The actionlog's resolver is defined in gsexport_config.php:
function resolve_actionlog($rec){
$reftable=null;
$rectype=$rec['rectype'];
switch ($rectype){
case '': case 'anything_else': break; //ignore
case 'reauth': case 'users': case 'user": $reftable='users'; break;
case 'templatetype': $reftable='templatetypes'; break;
default: echo "unknown rectype [$rectype]\r\n"; print_r($rec); die();
}
return $reftable;
}
Complex Custom Resolvers
In addition to the standard custom resolver function that simply uses custom logic to return a table space, a complex resolver can transform any object containing number number of references. For example, an invoice record that contains an JSON array:
raw_items: [{product_id:123, qty: 12}, product_id:24, qty:1}]
In gsexport_config, we need to declare the field:
'orders'=>array(
'type'=>'base',
'mnt'=>'orders',
'mntid'=>'orderid',
'xrefs'=>array('raw_items')
)
Then we implement the extended resolver:
function xresolve_raw_items($pid, $rec){
$raw=$rec['xrefs']['raw_items']['data'];
$objs=json_decode($raw,1);
foreach ($objs as $objid=>$obj){
$objs[$objid]['product_id']=get_newid('products',$obj['product_id']);
}
return json_encode($objs);
}
Files
Either the base or 1-n type support the "files" directive. A common practice for storing user files is to link the record ID with the file name. The logical filename is stored in the table. In a multi-tenant setup, each GS instance has its own customizable logo. For example, GS_1234 has a 1234.gif in the protected/clogos folder.
'gss'=>array(
'type'=>'root',
'files'=>array(
'logo'=>'../../protected/clogos/#.gif'
)
)
The # sign in the file name will be replaced with the primary key, which is identified by "mntid".
It is also possible to use any field values to construct the file name.

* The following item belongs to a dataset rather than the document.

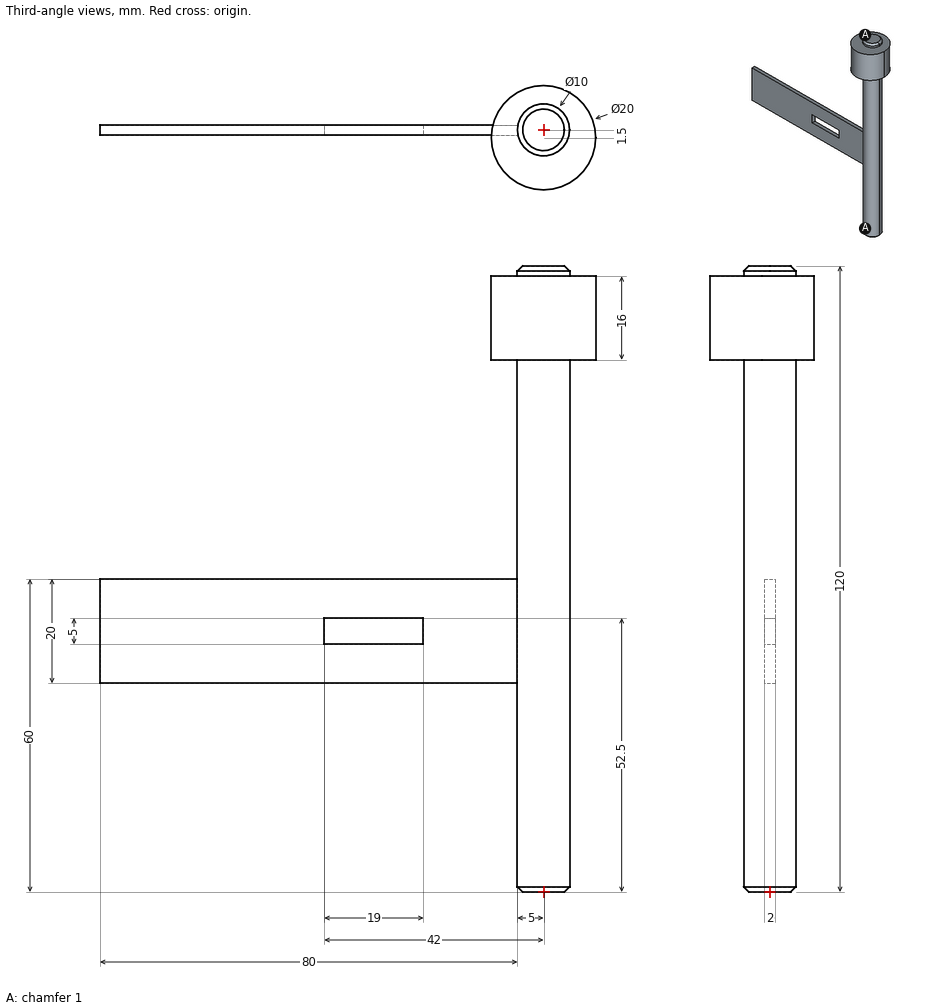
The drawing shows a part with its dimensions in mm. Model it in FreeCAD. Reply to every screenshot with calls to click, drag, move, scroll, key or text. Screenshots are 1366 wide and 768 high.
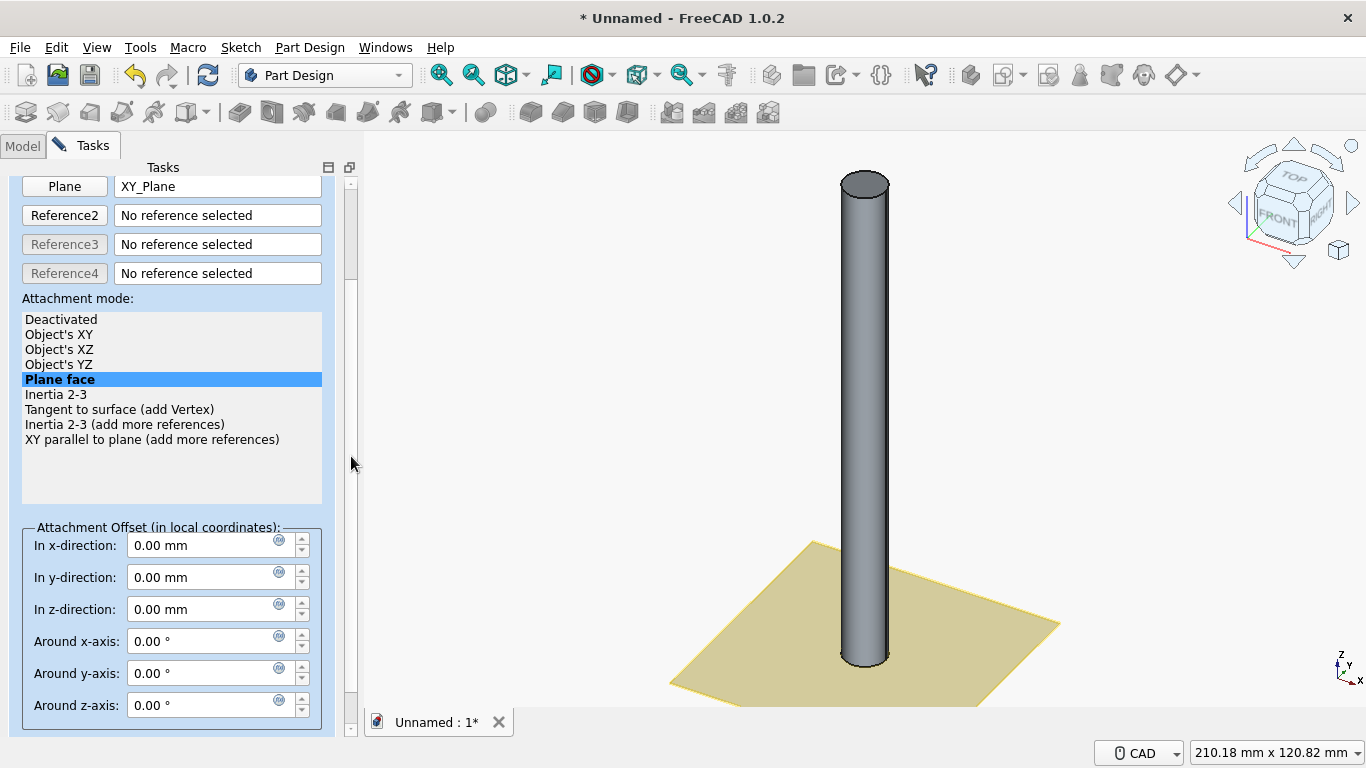
triple_click(210, 609)

For example:
'invoice'=>'invoice-#-%%title%%.pdf'
The "key" of a record avoids filename collision. For example, the same User ID may have many derived files such as profile_123.png, profile_123_small.png.
Exported Files
By default, a sub directory is created under the "export" folder. For example, GS_123 files will be in the export/123 directory.
Every table that's defined in gsexport_config will have its own file. The master index is "toc.txt". Both database and reference index files are in JSON format. The .txt extension makes it easier to view the files on Windows.

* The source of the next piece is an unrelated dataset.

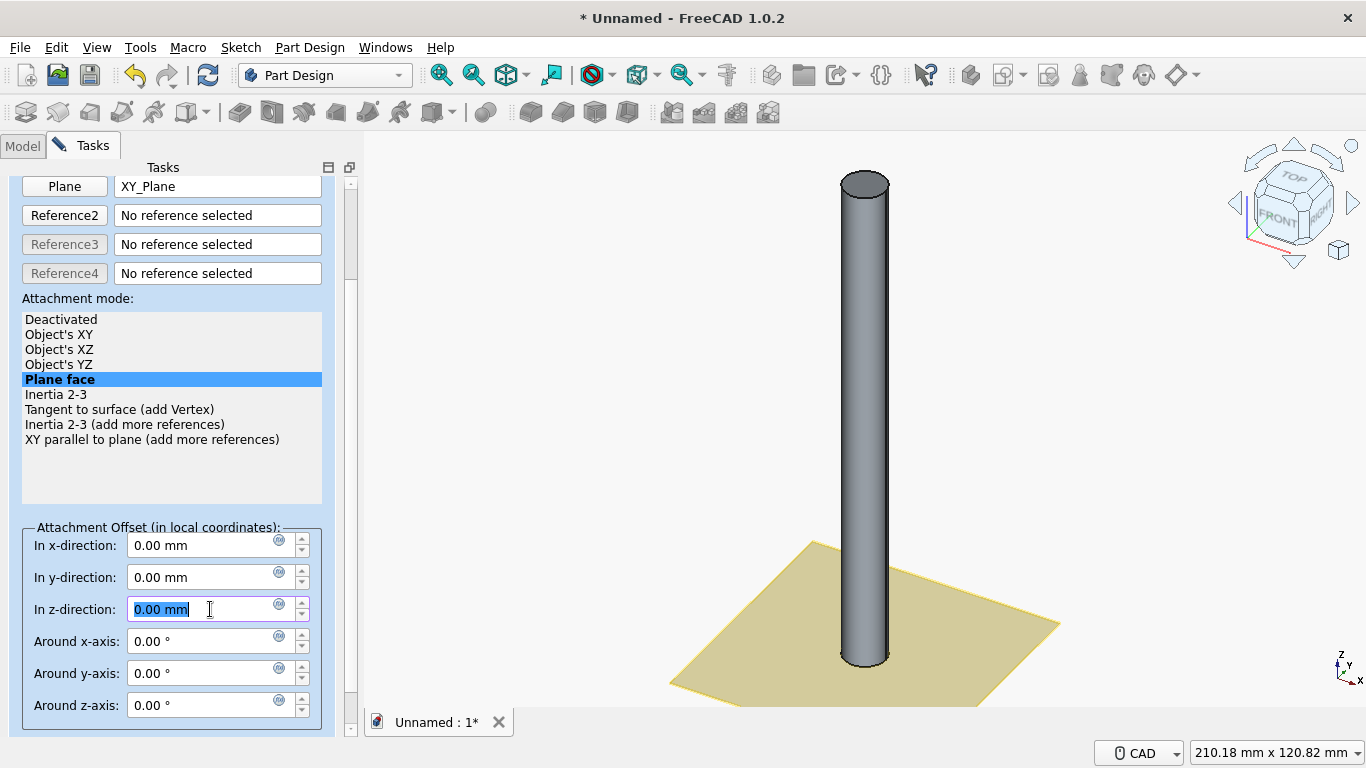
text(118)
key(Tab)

User-specific files are in the "files" sub folder. For example: export/123/files/
Vendor Portal Namespace and Renaming
In a vendor-pivoted Gyroscope instance, a "gsid" is called a vendor specific name. For example, in the "main" Gyroscope app for a car dealership where there is a table of automakers, the automakerid could be used as the conceptual "gsid", except that it is called a "automakerid".
We can set the following values to reflect this global change:
$defgskey='automakers';
$defgstable='automakerid';
Sometimes the "gsid" of a particular table is not called a "gsid". We can also make a localized change in table settings:
$tests{
'type'=>'1-n',
'mnt'=>'tests',
'mntid'=>'testid',
'gskey'=>'testgsid',
...
}
Next Steps
The migration tools will be tested on a few internal projects before becoming generally available. On the immediate road map, we have:
removal tool - powered by the same gsexport_config, this tool removes all the records and files for a specific GS instance. This tool can be used in conjunction with gsimport to repeatedly import from the same data source.
config generator - gsexport performs a preliminary check and ensures that every table in the database is accounted for. A type "ignore" may be used to skip an irrelevant table. The config generator may help accelerate this process by leveraging the help of gsextract - another experimental tool that was intended for data migration.